Online learning:
1) In the world of STEM, what makes UCAR and NCAR unique? Can we use that uniqueness to offer something novel & useful in the online, blended, flipped, flat, collaborative, constructive, active, and/or distant classroom that’s rapidly emerging?
2) What trends are most relevant and promising in the Horizon Report in your opinion? What “CreAction” moves us in a direction in which we should be moving? What are some “low-hanging fruit” where we might consider using new educational technologies? CreAct: to both create and to act
3) What are the barriers for acting upon these trends? How do we help remove or limit barriers – ours, schools, educators, learners, administrators – to advance learning opportunities?
6) Of the six key trends the report identifies, which one excites, intimidates, worries you, or has the most promise for Spark from your perspective? Is there any trend in the report that you just can't wrap your head around or you have questions about?

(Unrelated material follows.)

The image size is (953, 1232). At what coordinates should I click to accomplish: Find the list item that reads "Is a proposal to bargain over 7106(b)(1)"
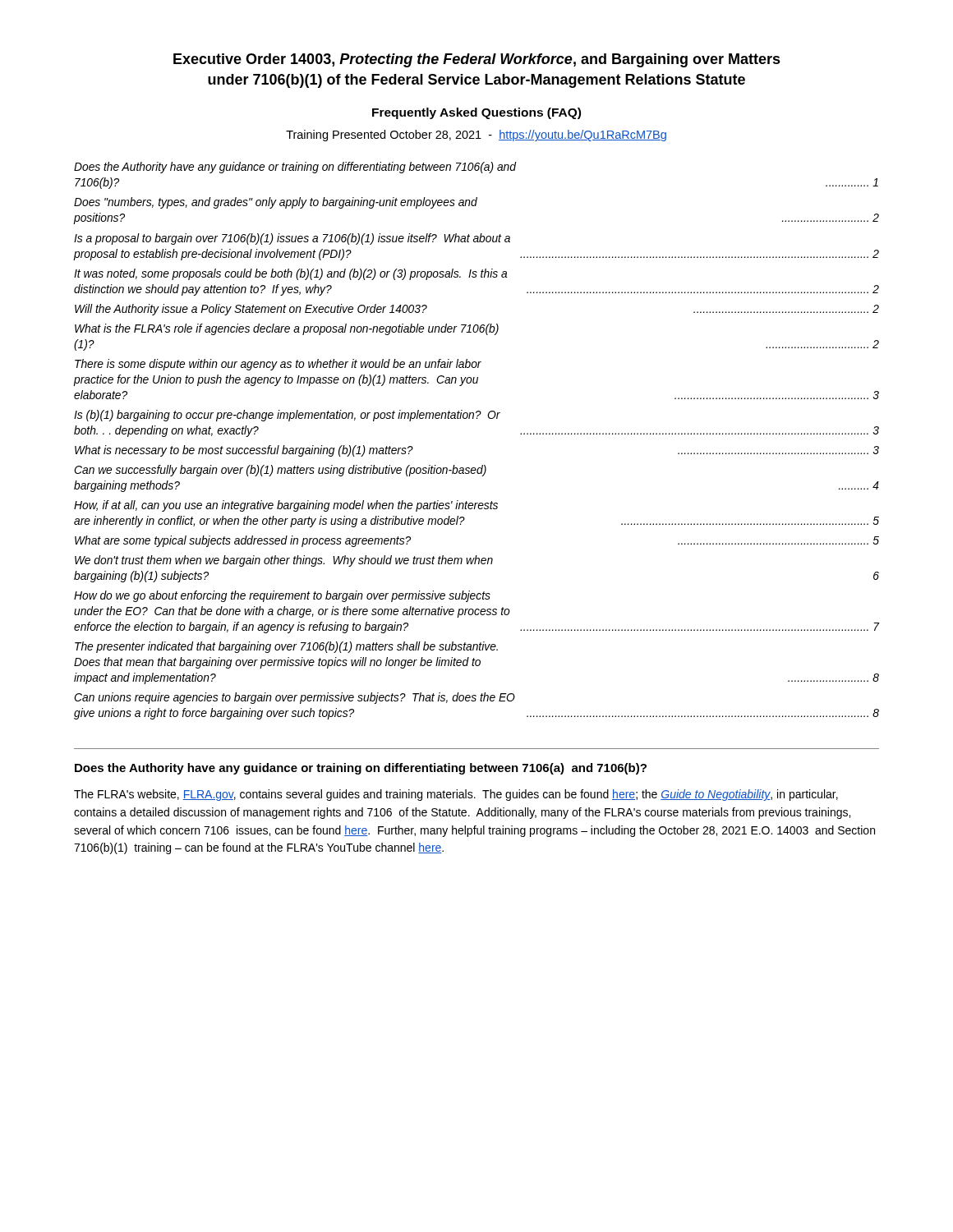292,246

7) Who are the early adopters addressing these trends best in informal and formal education? What ideas do you have regarding organizations to learn from or collaborate with? Who should we be talking to now?
8) What is the relevance of ConnectEd and E-Rate to this discussion? As a Federally supported entity, how should or should not Spark communicate this relevance to our various social circles including within UCAR and its members without taking an advocacy stand?
Others to Consider:
What ideas or examples can you share or envision for an online experience that supports student learning and community connectivity?
Why does anytime, anyplace, and on any device matter, and if so what might we offer that we don't now?
Imagine a world with access to adequate internet bandwidth in all schools. How might this development work with forthcoming technologies to offer greater equity and learning opportunities? How do you see education and Spark's own role changing?
What digital STEM learning tools might we design specifically to be accessed via mobile technologies?
What happens when mobile means connectivity to everything across the “Internet of Things?"
What are the low-lying fruit that you see us getting involved in immediately not because they are low lying, but because you think teachers and or learners are looking for such resources?
Creativity is a big topic in every field today and a skill that is at the top of employers' "most wanted" list. Give an example of creativity and a person who exemplifies it. How might you bring more creativity to what you do? How will you do it? How will you foster it in our resources and with educators and/or students? And... how does technology help or hinder?
Among the various trends and examples in the Report, which intrigued or surprised you the most? Which one did you feel was most applicable to NCAR and STEM teaching and learning?
What are we (UCAR/NCAR/UCP) expected to know and help prepare future students to know, and how might any of the trends identified help us do what we should to motivate and foster interest and deeper understanding?
Here are some HOT terms in educational technology: project-based learning, learning analytics, e-portfolios, collaborative learning, global learning, computational thinking, creativity, digital fabrication, makers, social media, interactivity, BYOD, 1-to-1 learning.... What term resonants with you as something worthwhile at its core?
Remote/virtual labs: What ideas do you have on this topic in particular? Who should/can we include in this discussion?